For each node, a Bayesian network specifies a conditional distribution given its parents. With discrete variables this is a CPT whose rows are parent configurations and whose columns are the possible values of the child. For continuous variables, common parametric forms include linear-Gaussian (the child is a linear function of its parents plus Gaussian noise) and conditional-Gaussian for hybrid networks that mix discrete and continuous variables.^[2]

D-separation

D-separation is a graph-theoretic criterion, introduced by Pearl, that determines which conditional independencies hold in a Bayesian network purely from its graph structure.

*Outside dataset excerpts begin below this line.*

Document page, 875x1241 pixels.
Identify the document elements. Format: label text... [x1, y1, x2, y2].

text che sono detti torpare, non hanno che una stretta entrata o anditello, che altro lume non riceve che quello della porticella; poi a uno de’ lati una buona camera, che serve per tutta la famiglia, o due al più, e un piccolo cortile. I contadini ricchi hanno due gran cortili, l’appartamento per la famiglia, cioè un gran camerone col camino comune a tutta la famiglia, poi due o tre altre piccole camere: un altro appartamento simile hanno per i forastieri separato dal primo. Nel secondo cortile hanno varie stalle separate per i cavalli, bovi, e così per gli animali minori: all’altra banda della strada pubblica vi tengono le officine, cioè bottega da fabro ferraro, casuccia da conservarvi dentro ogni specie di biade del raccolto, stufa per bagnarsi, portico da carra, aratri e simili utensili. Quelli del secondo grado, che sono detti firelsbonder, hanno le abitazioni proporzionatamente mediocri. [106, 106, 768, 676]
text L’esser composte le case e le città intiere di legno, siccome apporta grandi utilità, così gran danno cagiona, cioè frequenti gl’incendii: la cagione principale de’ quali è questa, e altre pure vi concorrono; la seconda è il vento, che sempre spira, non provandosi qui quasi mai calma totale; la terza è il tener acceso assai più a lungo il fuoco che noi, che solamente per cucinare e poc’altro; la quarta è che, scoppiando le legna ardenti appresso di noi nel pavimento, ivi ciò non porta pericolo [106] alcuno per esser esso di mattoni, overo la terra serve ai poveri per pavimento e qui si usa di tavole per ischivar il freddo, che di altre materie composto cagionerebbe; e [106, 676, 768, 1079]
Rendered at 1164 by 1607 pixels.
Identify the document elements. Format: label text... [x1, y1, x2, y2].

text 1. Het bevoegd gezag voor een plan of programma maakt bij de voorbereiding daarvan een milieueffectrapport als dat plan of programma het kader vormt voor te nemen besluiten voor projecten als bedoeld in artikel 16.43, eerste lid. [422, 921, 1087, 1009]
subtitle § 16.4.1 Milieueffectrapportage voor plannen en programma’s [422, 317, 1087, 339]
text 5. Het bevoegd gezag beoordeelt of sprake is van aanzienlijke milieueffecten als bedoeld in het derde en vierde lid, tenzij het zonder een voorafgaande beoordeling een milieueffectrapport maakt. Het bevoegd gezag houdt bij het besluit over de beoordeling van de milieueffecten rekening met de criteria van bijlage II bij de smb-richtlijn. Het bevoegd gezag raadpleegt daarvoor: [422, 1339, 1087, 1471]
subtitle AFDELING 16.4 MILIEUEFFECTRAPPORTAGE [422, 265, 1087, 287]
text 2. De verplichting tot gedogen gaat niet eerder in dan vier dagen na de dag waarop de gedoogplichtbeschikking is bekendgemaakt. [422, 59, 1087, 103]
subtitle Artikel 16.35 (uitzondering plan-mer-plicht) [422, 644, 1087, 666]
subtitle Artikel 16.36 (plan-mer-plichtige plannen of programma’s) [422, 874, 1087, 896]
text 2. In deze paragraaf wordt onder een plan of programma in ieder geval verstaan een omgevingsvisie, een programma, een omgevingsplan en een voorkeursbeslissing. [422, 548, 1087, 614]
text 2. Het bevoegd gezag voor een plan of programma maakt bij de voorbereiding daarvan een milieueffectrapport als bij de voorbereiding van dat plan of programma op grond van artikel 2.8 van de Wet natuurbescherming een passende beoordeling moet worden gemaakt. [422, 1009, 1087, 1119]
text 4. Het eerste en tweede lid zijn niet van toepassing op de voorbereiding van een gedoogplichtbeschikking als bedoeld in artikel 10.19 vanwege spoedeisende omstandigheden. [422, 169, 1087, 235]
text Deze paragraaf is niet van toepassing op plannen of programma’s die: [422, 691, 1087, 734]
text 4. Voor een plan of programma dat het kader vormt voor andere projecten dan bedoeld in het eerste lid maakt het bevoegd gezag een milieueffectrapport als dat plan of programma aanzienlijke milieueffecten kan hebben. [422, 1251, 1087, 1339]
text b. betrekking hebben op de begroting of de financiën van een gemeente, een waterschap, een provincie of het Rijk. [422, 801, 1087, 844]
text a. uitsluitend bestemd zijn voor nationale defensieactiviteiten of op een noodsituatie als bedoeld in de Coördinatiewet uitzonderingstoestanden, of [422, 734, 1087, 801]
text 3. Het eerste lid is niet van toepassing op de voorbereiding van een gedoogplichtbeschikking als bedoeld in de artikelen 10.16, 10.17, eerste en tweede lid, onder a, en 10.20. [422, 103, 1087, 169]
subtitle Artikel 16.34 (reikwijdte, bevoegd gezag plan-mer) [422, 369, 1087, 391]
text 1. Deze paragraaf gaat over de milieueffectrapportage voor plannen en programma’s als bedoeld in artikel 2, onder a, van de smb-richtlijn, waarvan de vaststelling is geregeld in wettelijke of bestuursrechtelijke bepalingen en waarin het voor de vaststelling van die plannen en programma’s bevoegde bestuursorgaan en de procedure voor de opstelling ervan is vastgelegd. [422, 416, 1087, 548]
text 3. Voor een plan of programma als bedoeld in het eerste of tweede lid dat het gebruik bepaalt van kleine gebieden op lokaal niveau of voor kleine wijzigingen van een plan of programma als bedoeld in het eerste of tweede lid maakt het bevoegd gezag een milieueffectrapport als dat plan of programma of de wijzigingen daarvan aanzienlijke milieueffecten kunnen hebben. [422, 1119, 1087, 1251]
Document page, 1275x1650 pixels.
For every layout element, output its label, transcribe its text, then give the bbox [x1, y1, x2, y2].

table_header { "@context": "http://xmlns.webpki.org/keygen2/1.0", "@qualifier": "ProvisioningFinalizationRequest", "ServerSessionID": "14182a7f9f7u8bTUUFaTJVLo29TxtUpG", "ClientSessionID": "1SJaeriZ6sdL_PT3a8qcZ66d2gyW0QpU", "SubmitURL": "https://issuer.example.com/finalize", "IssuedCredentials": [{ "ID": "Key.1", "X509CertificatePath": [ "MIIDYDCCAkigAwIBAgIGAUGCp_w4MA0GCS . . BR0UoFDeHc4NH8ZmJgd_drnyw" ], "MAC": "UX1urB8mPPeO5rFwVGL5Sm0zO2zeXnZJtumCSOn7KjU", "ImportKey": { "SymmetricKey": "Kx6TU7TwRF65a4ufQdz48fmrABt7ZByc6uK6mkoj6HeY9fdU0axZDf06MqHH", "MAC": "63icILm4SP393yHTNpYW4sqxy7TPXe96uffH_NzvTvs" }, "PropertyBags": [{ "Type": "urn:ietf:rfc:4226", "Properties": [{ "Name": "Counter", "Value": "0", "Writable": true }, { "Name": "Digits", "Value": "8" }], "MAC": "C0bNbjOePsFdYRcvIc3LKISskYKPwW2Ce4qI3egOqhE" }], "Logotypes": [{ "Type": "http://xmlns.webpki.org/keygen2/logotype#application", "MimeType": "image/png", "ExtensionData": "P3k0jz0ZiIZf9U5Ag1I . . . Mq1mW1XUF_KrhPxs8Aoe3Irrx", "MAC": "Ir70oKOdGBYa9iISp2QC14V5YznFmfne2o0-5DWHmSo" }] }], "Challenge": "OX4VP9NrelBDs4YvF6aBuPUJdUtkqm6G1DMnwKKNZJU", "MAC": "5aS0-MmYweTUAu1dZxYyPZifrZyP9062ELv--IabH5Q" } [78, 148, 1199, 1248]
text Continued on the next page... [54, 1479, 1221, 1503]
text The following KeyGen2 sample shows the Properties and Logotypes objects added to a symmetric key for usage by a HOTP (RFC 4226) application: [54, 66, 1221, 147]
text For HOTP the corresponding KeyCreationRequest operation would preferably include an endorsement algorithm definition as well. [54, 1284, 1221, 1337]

A path between two nodes is blocked by a conditioning set Z if it contains a chain or fork node that is in Z, or a collider (a node with two converging arrows) that is neither in Z nor has a descendant in Z. If every path between X and Y is blocked by Z, then X and Y are d-separated by Z, and the network entails X ⊥ Y | Z.^[1] D-separation is sound (every d-separated pair is conditionally independent in every distribution that factorises over the graph) and is a complete graphical characterisation of the independencies entailed by the structure alone.

Markov blanket

The Markov blanket of a node X consists of its parents, its children, and the other parents of those children (sometimes called spouses or co-parents). Conditional on its Markov blanket, X is independent of every other node in the network. This locality property is what makes Gibbs sampling and other local update schemes practical: each variable can be resampled using only the values of its blanket.^[1]^[2]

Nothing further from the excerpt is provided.